City Camping Give Urbanites A Local Getaway

When urbanites need a getaway they pack up their gear and board buses, trains and airplanes to escape the city. But an escape is closer than most realize.

Gateway National Recreation Area is a network of parks that traverses three boroughs of New York City and parts of New Jersey. Conde Nast Traveler explored the perks of paying a visit to Gateway. Reasons to visit include price, panoramic views and the serene, natural habitat.

Gateway also offers something travelers would be hard-pressed to find anywhere else in New York City -- camping. For $20 a night you can pitch a tent and sleep in the great outdoors. We dare you to find cheaper accommodations in the city.

And Gateway is more than just cheap -- it's really cool. Campers and visitors can hit the beach, check out the wild refuge, or go sailing, canoeing or kayaking and get a unparalleled view of the city skyline.

Whether you live in a city or are planning to visit one this summer, check out these other urban oases.

1) If you're a Bostonian...

city camping

Bostonians who need a quick getaway can retreat to the Boston Harbor Islands National Recreation Area. Much like Gateway, the park is a collection of islands and peninsulas that offers campsites, hiking trails, tide pools, lighthouse tours and more. Perfect for families, Boston Harbor Islands are just a ferry ride away from the city.

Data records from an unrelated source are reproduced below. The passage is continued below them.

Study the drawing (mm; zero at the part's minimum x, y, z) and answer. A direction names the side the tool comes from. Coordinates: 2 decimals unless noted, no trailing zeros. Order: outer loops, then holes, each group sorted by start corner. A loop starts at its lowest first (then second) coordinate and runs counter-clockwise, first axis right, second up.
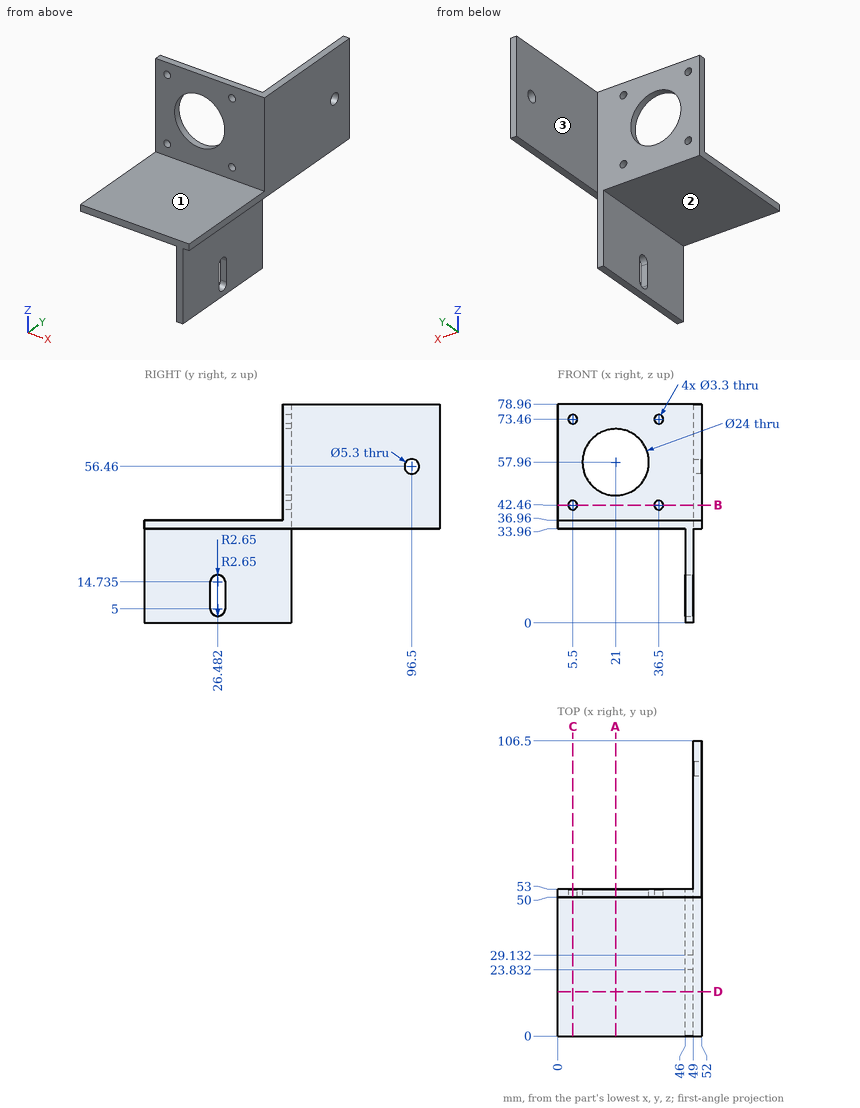
1) A cutting plane is placed at C-C, the plane x = 5.5. Determine the outline of the cut face in (y, z), and give its area (3 significant figures).
A:
outline: (0, 33.96) - (53, 33.96) - (53, 40.81) - (50, 40.81) - (50, 36.96) - (0, 36.96) - close; (50, 44.11) - (53, 44.11) - (53, 71.81) - (50, 71.81) - close; (50, 75.11) - (53, 75.11) - (53, 78.96) - (50, 78.96) - close
area: 265 mm2
2) Flat-ended cylindrical pins translate along their axes: pin 1 Ø1 at (y, z) = (21, 28.5) entering from -X; pin 2 Ø1.5 at (x, z) = (47.5, 9) entering from +Y; pin 3 Ø0.9 at (x, y) = (50.5, 70) entering from -Z. Find the tip coordinate at first contact, or state that the pin passes through.
A:
pin 1: stops at x = 46
pin 2: stops at y = 53
pin 3: stops at z = 33.96
3) A cutting plane is placed at B-B, the plane z = 42.46. Determine the outline of the cut face in (x, y), and give its area (3 significant figures).
A:
outline: (0, 50) - (3.85, 50) - (3.85, 53) - (0, 53) - close; (7.15, 50) - (34.85, 50) - (34.85, 53) - (7.15, 53) - close; (38.15, 50) - (52, 50) - (52, 106.5) - (49, 106.5) - (49, 53) - (38.15, 53) - close
area: 297 mm2
4) Straight lines are drawn through the part: line 1 (Z direction, x = 36.5, y = 50.95); line 2 (Z direction, x = 49.75, y = 96.5); line 3 (Y direction, x = 50.95, z = 56.46). For each, find the intervals that lie inside material, in ascending order.
A:
line 1: z = 33.96 to 40.81, 44.11 to 71.81, 75.11 to 78.96
line 2: z = 33.96 to 53.81, 59.11 to 78.96
line 3: y = 50 to 93.85, 99.15 to 106.5
5) A cutting plane is placed at D-D, the plane y = 16. Determine the outline of the cut face in (x, z), and give its area (3 significant figures).
A:
outline: (0, 33.96) - (46, 33.96) - (46, 0) - (49, 0) - (49, 33.96) - (52, 33.96) - (52, 36.96) - (0, 36.96) - close
area: 258 mm2
6) A cutting plane is placed at A-A, the plane x = 21. Determine the outline of the cut face in (y, z).
A:
outline: (0, 33.96) - (53, 33.96) - (53, 45.96) - (50, 45.96) - (50, 36.96) - (0, 36.96) - close; (50, 69.96) - (53, 69.96) - (53, 78.96) - (50, 78.96) - close
7) Which of the six approach directions +Z, -Z, +X, -X, +Y, -Y give full straight-line access (tool end or side, diameter ignored) to the marked faces 1, 2 and 3?
A:
face 1: +Z, +X, -X, -Y
face 2: -Z, -X, +Y, -Y
face 3: +Z, -Z, -X, +Y

2) If you're a Washingtonian...

city camping

Did you know you can go camping without even leaving the Beltway? Greenbelt Park is only 12 miles from downtown D.C. and boasts campgrounds, hiking trails and picnic areas. Great for a quick escape from the city hustle, Greenbelt Park is an affordable getaway with campsites costing a very affordable $16.

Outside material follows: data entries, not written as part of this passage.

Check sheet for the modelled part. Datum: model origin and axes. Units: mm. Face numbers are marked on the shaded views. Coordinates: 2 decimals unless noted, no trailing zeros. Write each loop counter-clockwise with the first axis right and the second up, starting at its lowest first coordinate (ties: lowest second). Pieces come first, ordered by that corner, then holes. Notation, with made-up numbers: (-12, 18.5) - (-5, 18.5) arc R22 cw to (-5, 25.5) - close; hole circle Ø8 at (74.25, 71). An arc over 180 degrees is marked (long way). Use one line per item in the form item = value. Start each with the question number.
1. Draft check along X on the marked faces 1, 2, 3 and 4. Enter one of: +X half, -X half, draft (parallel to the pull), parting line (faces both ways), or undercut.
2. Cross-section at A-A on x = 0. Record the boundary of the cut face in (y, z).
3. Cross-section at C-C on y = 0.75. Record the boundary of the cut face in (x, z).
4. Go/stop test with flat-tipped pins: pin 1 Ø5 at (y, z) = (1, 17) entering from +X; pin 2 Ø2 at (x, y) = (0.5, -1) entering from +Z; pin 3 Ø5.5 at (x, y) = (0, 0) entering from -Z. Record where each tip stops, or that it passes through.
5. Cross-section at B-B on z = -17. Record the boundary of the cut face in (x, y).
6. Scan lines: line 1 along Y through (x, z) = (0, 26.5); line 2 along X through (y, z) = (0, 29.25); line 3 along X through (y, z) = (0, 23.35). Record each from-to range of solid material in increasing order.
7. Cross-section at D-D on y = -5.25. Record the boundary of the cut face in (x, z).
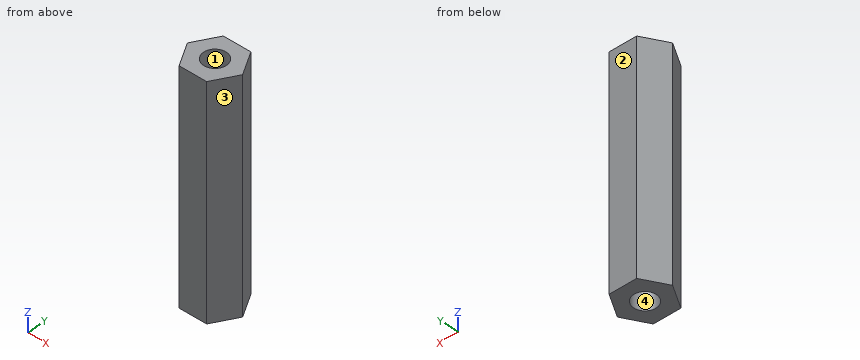
Autodesk Inventor part; units mm, degrees
ref_plane "YZ Plane" through (0, 0, 0) normal (1, 0, 0) x (0, 1, 0)
ref_plane "XZ Plane" through (0, 0, 0) normal (0, 1, 0) x (-1, 0, 0)
ref_plane "XY Plane" through (0, 0, 0) normal (0, 0, 1) x (1, 0, 0)
sketch "Sketch1" plane through (0, 0, 0) normal (0, 0, 1) x (1, 0, 0)
  line L0 (3.6662, 6.35) -> (7.3323, 0)
  line L1 (7.3323, 0) -> (3.6662, -6.35)
  line L2 (3.6662, -6.35) -> (-3.6662, -6.35)
  line L3 (-3.6662, -6.35) -> (-7.3323, 0)
  line L4 (-7.3323, 0) -> (-3.6662, 6.35)
  line L5 (-3.6662, 6.35) -> (3.6662, 6.35)
  circle A0 centre (0, 0) radius 2.0193
  dimension "d0" = 12.7
  dimension "d3" = 4.0386
extrude "Extrusion2" add sketch "Sketch1" along normal mid plane 60.325
sketch "Sketch2" plane through (0, 0, 30.1625) normal (0, 0, 1) x (1, 0, 0)
  point P0 (0, 0)
  point P1 (0, 0)
hole "Hole1" at (0, 0, 30.1625) direction (0, 0, -1) diameter 5.842 depth 7.874 counterbore diameter 6.096 counterbore depth 6.1239
sketch "Sketch3" plane through (0, 0, -30.1625) normal (0, 0, -1) x (-1, 0, 0)
  circle A0 centre (0, 0) radius 2.0193
hole "Hole2" at (0, 0, -30.1625) direction (0, 0, 1) diameter 5.842 depth 7.874 counterbore diameter 6.096 counterbore depth 6.1239
properties part number "1_2 x 2_375-inchHexShaft"
Final values:
q1.face_1 = undercut
q1.face_2 = draft
q1.face_3 = +X half
q1.face_4 = undercut
q2.outline = (-6.35, -30.16) - (-3.05, -30.16) - (-3.05, -24.04) - (-2.92, -24.04) - (-2.92, -22.29) - (-2.02, -22.29) - (-2.02, 22.29) - (-2.92, 22.29) - (-2.92, 24.04) - (-3.05, 24.04) - (-3.05, 30.16) - (-6.35, 30.16) - close; (2.02, -22.29) - (2.92, -22.29) - (2.92, -24.04) - (3.05, -24.04) - (3.05, -30.16) - (6.35, -30.16) - (6.35, 30.16) - (3.05, 30.16) - (3.05, 24.04) - (2.92, 24.04) - (2.92, 22.29) - (2.02, 22.29) - close
q3.outline = (-6.9, -30.16) - (-2.95, -30.16) - (-2.95, -24.04) - (-2.82, -24.04) - (-2.82, -22.29) - (-1.87, -22.29) - (-1.87, 22.29) - (-2.82, 22.29) - (-2.82, 24.04) - (-2.95, 24.04) - (-2.95, 30.16) - (-6.9, 30.16) - close; (1.87, -22.29) - (2.82, -22.29) - (2.82, -24.04) - (2.95, -24.04) - (2.95, -30.16) - (6.9, -30.16) - (6.9, 30.16) - (2.95, 30.16) - (2.95, 24.04) - (2.82, 24.04) - (2.82, 22.29) - (1.87, 22.29) - close
q4.pin_1 = 7.33
q4.pin_2 = 22.29
q4.pin_3 = -22.29
q5.outline = (-7.33, 0) - (-3.67, -6.35) - (3.67, -6.35) - (7.33, 0) - (3.67, 6.35) - (-3.67, 6.35) - close; hole circle Ø4.04 at (0, 0)
q6.line_1 = -6.35 to -3.05, 3.05 to 6.35
q6.line_2 = -7.33 to -3.05, 3.05 to 7.33
q6.line_3 = -7.33 to -2.92, 2.92 to 7.33
q7.outline = (-4.3, -30.16) - (4.3, -30.16) - (4.3, 30.16) - (-4.3, 30.16) - close
Part model, mm, in its own coordinate system. A direction names the side the tool comes from. Coordinates: 2 decimals unless noted, no trailing zeros. Write each loop counter-clockwise with the first axis right and the second up, starting at its lowest first coordinate (ties: lowest second). Pieces come first, ordered by that corner, then holes. Notation, with made-up numbers: (25, 49) - (76, 49) arc R13 cw to (76, 68) - close; hole circle Ø7 at (17.5, -2.75). An arc over 180 degrees is marked (long way). Use a Markdown table: item, result.
```python
from build123d import *

# Parameters (mm, degrees)
BOSS_EXTRUDE1_DEPTH        = 6.6294
BOSS_EXTRUDE1_DEPTH_BACK   = 6.6294
F_1_4_0_2500_DOWEL_HOLE1_D = 6.35
F_1_4_0_2500_DOWEL_HOLE2_D = 6.35
FILLET1_R                  = 2.54


with BuildPart() as part:
    # Sketch1 → Boss-Extrude1 (new, two sides: drawn at the far end of the back side and taken through both)
    with BuildSketch(Plane.XY.offset(-BOSS_EXTRUDE1_DEPTH_BACK)):
        Polygon((7.493, 1.016), (7.493, 18.034), (9.525, 18.034), (9.525, -1.016), (-9.525, -1.016), (-9.525, 1.016), align=None)
    extrude(amount=BOSS_EXTRUDE1_DEPTH + BOSS_EXTRUDE1_DEPTH_BACK)

    # 1/4 (0.2500) Dowel Hole1 (through all)
    with Locations(Plane(origin=(0, 1.016, 0), x_dir=(1, 0, 0), z_dir=(0, 1, 0))):
        with Locations((-1.905, 0)):
            Hole(F_1_4_0_2500_DOWEL_HOLE1_D / 2)

    # 1/4 (0.2500) Dowel Hole2 (through all)
    with Locations(Plane.ZY.offset(-7.493)):
        with Locations((0, 10.414)):
            Hole(F_1_4_0_2500_DOWEL_HOLE2_D / 2)

    # Fillet1
    fillet1_edges = [part.edges().sort_by_distance(p)[0] for p in [
        (7.493, 1.016, 0),
        (9.525, -1.016, 0),
    ]]
    fillet(fillet1_edges, radius=FILLET1_R)


solid = part.part
```
Item 1: Drill centre lines: probe 1 along Y at (x, z) = (1.25, -5); probe 2 along Z at (x, y) = (-0.75, 0.75); probe 3 along X at (y, z) = (12.25, 5.5) (3 decimals). Where is each one in solid material? Low to high.
From the geometry:
| item | result |
|---|---|
| probe 1 | -1.02 to 1.02 |
| probe 2 | -6.63 to -2.96, 2.96 to 6.63 |
| probe 3 | 7.493 to 9.525 |
Item 2: Band-saw the part on C-C, the plane z = 4. Give the cut face in (x, y) (3 decimals).
From the geometry:
| item | result |
|---|---|
| outline | (-9.525, -1.016) - (6.985, -1.016) arc R2.54 ccw to (9.525, 1.524) - (9.525, 18.034) - (7.493, 18.034) - (7.493, 3.556) arc R2.54 cw to (4.953, 1.016) - (-9.525, 1.016) - close |
Item 3: Two-plate mould, pull along Z, no slides. Class faces 1 (the face through (8, 4, 6.629)), 2 (the face through (9.525, 8, -3)), 3 (the face through (0.615, -0.014, 1.932)): pulls with the +Z half, pulls with the -Z half, needs draft (parallel to the pull), parting line crosses it, or undercut.
From the geometry:
| item | result |
|---|---|
| face 1 | pulls with the +Z half |
| face 2 | needs draft |
| face 3 | undercut |
Item 4: Drop flat-ended pins along their axis: P1, Ø4, axis at x = -0.5, z = 0, coming from the -Y side; P2, Ø4, axis at y = 13, z = 0.5, coming from the -X side; P3, Ø4, axis at x = -6, z = 3, coming from the +Y side; P4, Ø2, axis at y = 3.5, z = 4.5, coming from the -X side. Give the stop position or say it passes through.
From the geometry:
| item | result |
|---|---|
| P1 | y = -1.02 |
| P2 | x = 7.49 |
| P3 | y = 1.02 |
| P4 | x = 7.26 |
Item 5: Band-saw the part on B-B, the plane y = 7.5. Give the cut face in (x, z) (3 decimals), then the cut area to 3 significant figures.
From the geometry:
| item | result |
|---|---|
| outline | (7.493, -6.629) - (9.525, -6.629) - (9.525, -1.261) - (7.493, -1.261) - close; (7.493, 1.261) - (9.525, 1.261) - (9.525, 6.629) - (7.493, 6.629) - close |
| area | 21.8 mm^2 |
Item 6: Band-saw the part on A-A, the plane z = 0. Give the cut face in (x, y) (3 decimals).
From the geometry:
| item | result |
|---|---|
| outline | (-9.525, -1.016) - (-5.08, -1.016) - (-5.08, 1.016) - (-9.525, 1.016) - close; (1.27, -1.016) - (6.985, -1.016) arc R2.54 ccw to (9.525, 1.524) - (9.525, 7.239) - (7.493, 7.239) - (7.493, 3.556) arc R2.54 cw to (4.953, 1.016) - (1.27, 1.016) - close; (7.493, 13.589) - (9.525, 13.589) - (9.525, 18.034) - (7.493, 18.034) - close |
Item 7: Which spindle directions (+Z, -Z, +X, -X, +Y, -Y) get a long thin tool onto all of the face, cutting with end or side? Do faces 4 (the face through (1, -1.016, -3)), 5 (the face through (7.493, 14, 0)). Say none if no direction does.
From the geometry:
| item | result |
|---|---|
| face 4 | +Z, -Z, +X, -X, -Y |
| face 5 | +Z, -Z, -X, +Y |
Item 8: Band-saw the part on D-D, the plane x = -2. Give the cut face in (y, z), then the cut area to 3 significant figures.
From the geometry:
| item | result |
|---|---|
| outline | (-1.02, -6.63) - (1.02, -6.63) - (1.02, -3.17) - (-1.02, -3.17) - close; (-1.02, 3.17) - (1.02, 3.17) - (1.02, 6.63) - (-1.02, 6.63) - close |
| area | 14.0 mm^2 |

3) If you're an Angeleno...

city camping

They'll need to trek a little farther than the above urbanites, but Los Angeles residents can still get their fill of nature living. Sleep near the sea at Lee Carrillo State Beach, in Malibu. By day, visitors can swim, surf, explore coastal caves and reefs, or go back-country hiking. For those looking to truly immerse themselves in nature, Topanga State Park offers 36 miles of trails that traverse mountains, plains and canyons. At night, camp under the stars and relish the tranquility.

4) If you're a Seattleite...

city camping

Blake Island State Park is eight miles and a peaceful boat ride from Seattle's Central Waterfront. Hiking and bike trails weave through this 475-area camping park, which is bordered by five miles of beachfront shoreline. Visitors can take in sweeping views of the Seattle skyline and the Olympic Mountains and can check out Tillicum Village, a "native cultural experience" that offers tours, Northwest Indian dancing demonstrations and salmon bakes.